A routine issue can be resolved by correcting input data, mapping fields, rerunning a job, or reviewing filters. A governance issue affects replay consistency, tenant safety, public-safe publication, audit evidence, or cross-domain trust. An engineering issue affects code, persistence, workers, service configuration, or route integration.
|
Escalation Type |
When to Escalate |
Recommended Recipient |
|
Operator escalation |
The issue affects workflow assignment, unresolved tasks, or investigation clarity. |
Supervisor or operations lead. |
|
Governance escalation |
The issue affects replay consistency, lineage, confidence, tenant safety, or public-safe signals. |
Governance reviewer or compliance owner. |
|
Engineering escalation |
The issue appears to involve code, database schema, worker execution, persistence, or deployment. |
Engineering team. |
|
Security escalation |
The issue may expose tenant data or violate access boundaries. |
Security or platform owner. |
|
Product escalation |
The issue reflects confusing workflow design or ambiguous operator experience. |
Product owner or documentation owner. |
A troubleshooting record is a concise written account of the issue, investigation steps, findings, and resolution.

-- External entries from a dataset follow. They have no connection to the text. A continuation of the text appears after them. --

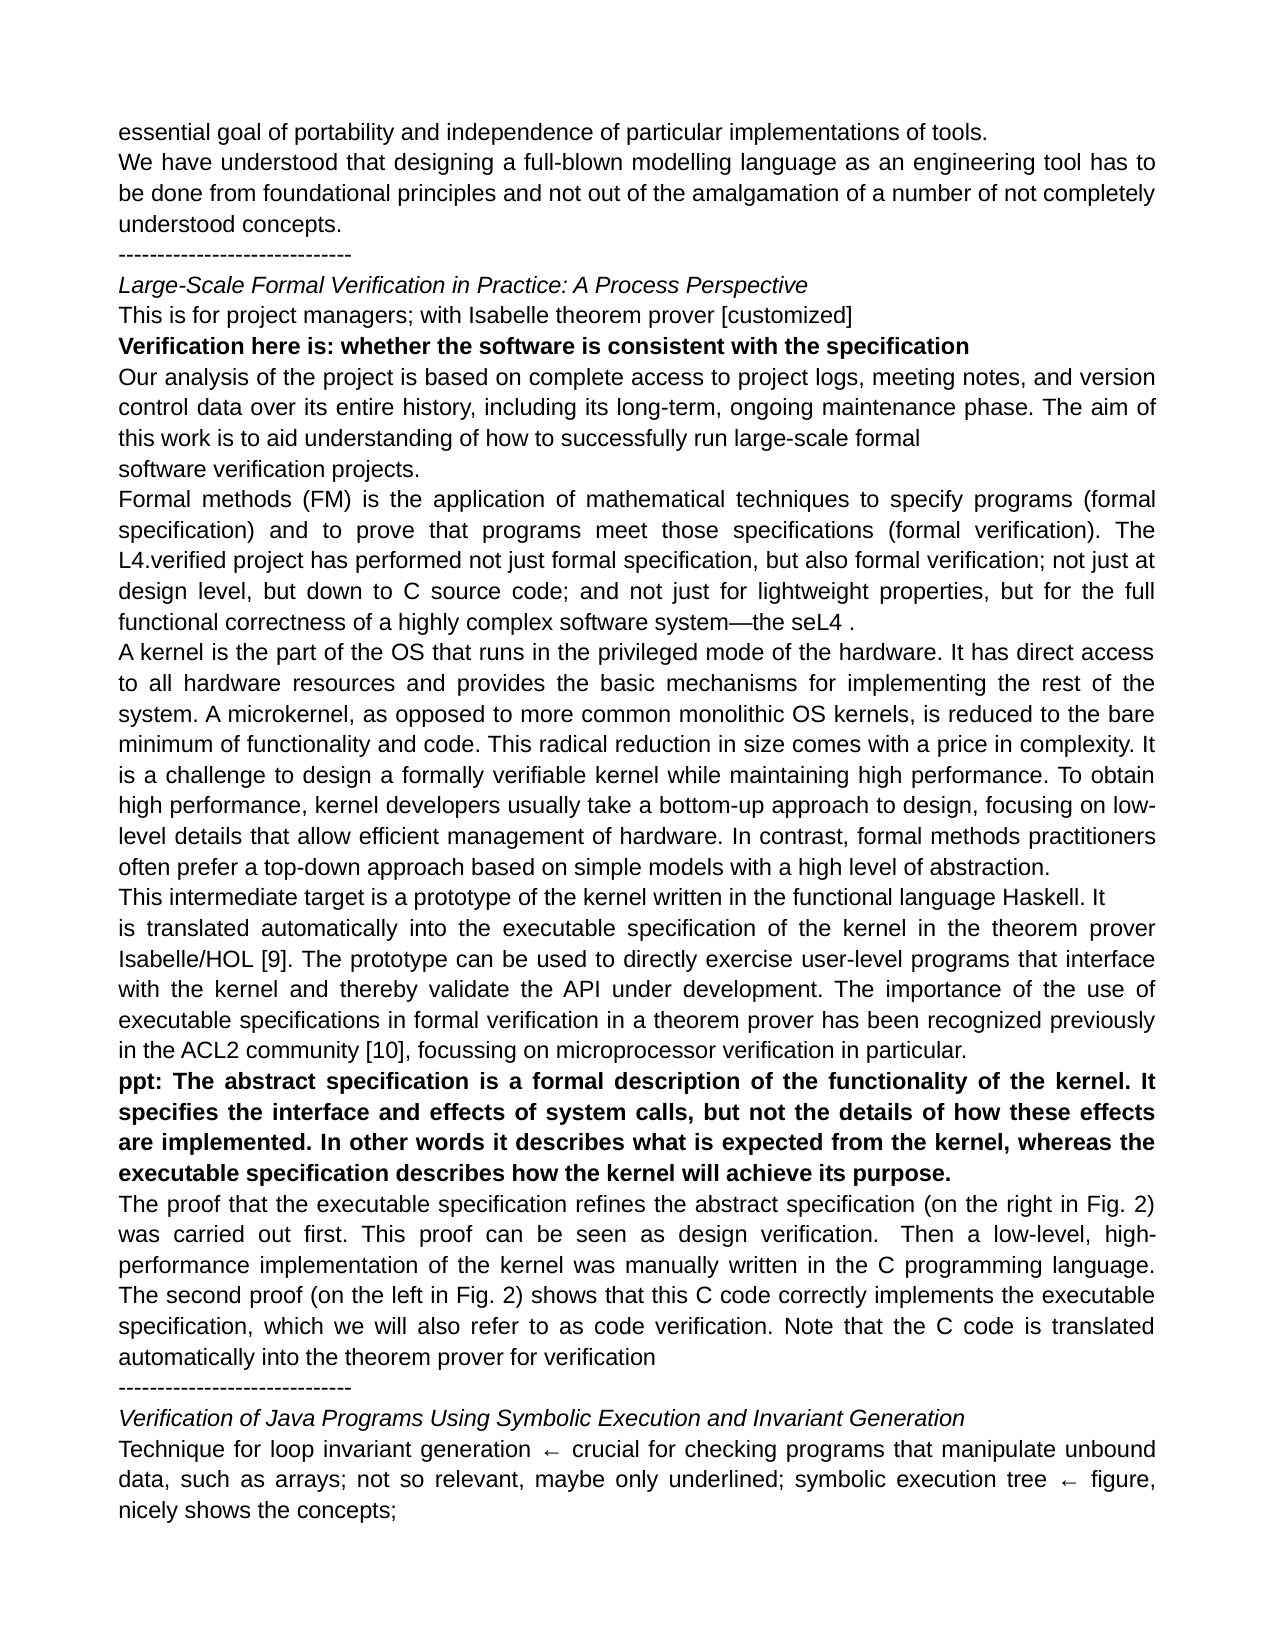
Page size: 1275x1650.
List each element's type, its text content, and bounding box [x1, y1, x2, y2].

text Verification of Java Programs Using Symbolic Execution and Invariant Generation [118, 1404, 1157, 1431]
text This is for project managers; with Isabelle theorem prover [customized] [118, 302, 1157, 329]
text essential goal of portability and independence of particular implementations of tools. [118, 118, 1157, 145]
text A kernel is the part of the OS that runs in the privileged mode of the hardware. It has direct access to all hardware resources and provides the basic mechanisms for implementing the rest of the system. A microkernel, as opposed to more common monolithic OS kernels, is reduced to the bare minimum of functionality and code. This radical reduction in size comes with a price in complexity. It is a challenge to design a formally verifiable kernel while maintaining high performance. To obtain high performance, kernel developers usually take a bottom-up approach to design, focusing on low-level details that allow efficient management of hardware. In contrast, formal methods practitioners often prefer a top-down approach based on simple models with a high level of abstraction. [118, 639, 1157, 880]
text software verification projects. [118, 455, 1157, 482]
text This intermediate target is a prototype of the kernel written in the functional language Haskell. It [118, 884, 1157, 911]
text Formal methods (FM) is the application of mathematical techniques to specify programs (formal specification) and to prove that programs meet those specifications (formal verification). The L4.verified project has performed not just formal specification, but also formal verification; not just at design level, but down to C source code; and not just for lightweight properties, but for the full functional correctness of a highly complex software system—the seL4 . [118, 486, 1157, 635]
text ------------------------------ [118, 241, 1157, 267]
text We have understood that designing a full-blown modelling language as an engineering tool has to be done from foundational principles and not out of the amalgamation of a number of not completely understood concepts. [118, 149, 1157, 237]
text Technique for loop invariant generation ← crucial for checking programs that manipulate unbound data, such as arrays; not so relevant, maybe only underlined; symbolic execution tree ← figure, nicely shows the concepts; [118, 1435, 1157, 1523]
text is translated automatically into the executable specification of the kernel in the theorem prover Isabelle/HOL [9]. The prototype can be used to directly exercise user-level programs that interface with the kernel and thereby validate the API under development. The importance of the use of executable specifications in formal verification in a theorem prover has been recognized previously in the ACL2 community [10], focussing on microprocessor verification in particular. [118, 914, 1157, 1064]
text The proof that the executable specification refines the abstract specification (on the right in Fig. 2) was carried out first. This proof can be seen as design verification. Then a low-level, high-performance implementation of the kernel was manually written in the C programming language. The second proof (on the left in Fig. 2) shows that this C code correctly implements the executable specification, which we will also refer to as code verification. Note that the C code is translated automatically into the theorem prover for verification [118, 1190, 1157, 1370]
text ------------------------------ [118, 1374, 1157, 1401]
text Our analysis of the project is based on complete access to project logs, meeting notes, and version control data over its entire history, including its long-term, ongoing maintenance phase. The aim of this work is to aid understanding of how to successfully run large-scale formal [118, 363, 1157, 451]
text Large-Scale Formal Verification in Practice: A Process Perspective [118, 271, 1157, 298]
text ppt: The abstract specification is a formal description of the functionality of the kernel. It specifies the interface and effects of system calls, but not the details of how these effects are implemented. In other words it describes what is expected from the kernel, whereas the executable specification describes how the kernel will achieve its purpose. [118, 1067, 1157, 1186]
text Verification here is: whether the software is consistent with the specification [118, 332, 1157, 359]

Troubleshooting records matter because Zahlen is an operational intelligence platform. When evidence quality or governance trust is affected, the organization should preserve what happened and how the issue was resolved.
|
Record Field |
Definition |
Why It Matters |
|
Issue summary |
A short description of the visible problem. |
Helps future readers understand the symptom. |
|
Affected page or workflow |
The dashboard, route, job, export, replay, or ingestion path involved. |
Locates the problem in the operator experience. |
|
Evidence reviewed |
The run, file, event, alert, incident, task, or telemetry records checked. |
Documents the evidence path. |
|
Root cause |
The underlying condition that caused the issue. |
Prevents repeated troubleshooting. |
|
Impact assessment |
The operational or governance impact of the issue. |
Explains whether confidence was affected. |
|
Resolution |
The fix or corrective action taken. |
Creates durable operational memory. |
|
Follow-up |
Any remaining work, tests, monitoring, or documentation updates. |
Ensures the issue is fully closed. |
The following matrix provides a high-level guide for common issue patterns.
|
Problem Area |
First Check |
Second Check |
Likely Next Action |
|
Ingestion failure |
Input file or payload validity. |
Canonical field mapping. |
Correct schema, resubmit, or review validation logs. |
|
Replay mismatch |
Input and output digests. |
Event ordering and lineage. |
Quarantine or escalate if governance-impacting. |
|
Telemetry gap |
Telemetry event count and external status. |
Correlation and truth matching fields. |
Interpret as enrichment-limited or fix telemetry linkage. |
|
Watermark issue |
Source event count and worker execution. |
Persisted watermark and downstream outputs. |
Repair state, rerun processing, or escalate engineering. |
|
Routing inconsistency |
Source signal and alert creation. |
Incident/task routing reason. |
Review routing rules and queue eligibility. |
|
Dashboard count mismatch |
Object type being counted. |
Filters and refresh timing. |
Confirm whether mismatch is expected or a true defect. |
Troubleshooting in Zahlen should protect evidence quality, replay safety, governance confidence, and operator trust.
Ingestion failures indicate that incoming evidence may be missing, malformed, unmapped, or unprocessed. Replay mismatches indicate that historical conclusions may not be reconstructing as expected. Telemetry gaps indicate missing processing or enrichment context. Watermark issues indicate uncertainty about processing progress. Routing inconsistencies indicate that operational work may not be reaching the expected queue, owner, or supervisor surface.
The safest troubleshooting approach is to follow the evidence path from user-facing symptom to source event, canonical mapping, derived signal, telemetry, replay, routing, and governance status.
A well-documented troubleshooting practice makes Zahlen more operationally trustworthy because it preserves not only what the platform observed, but also how the organization resolved uncertainty when something did not behave as expected.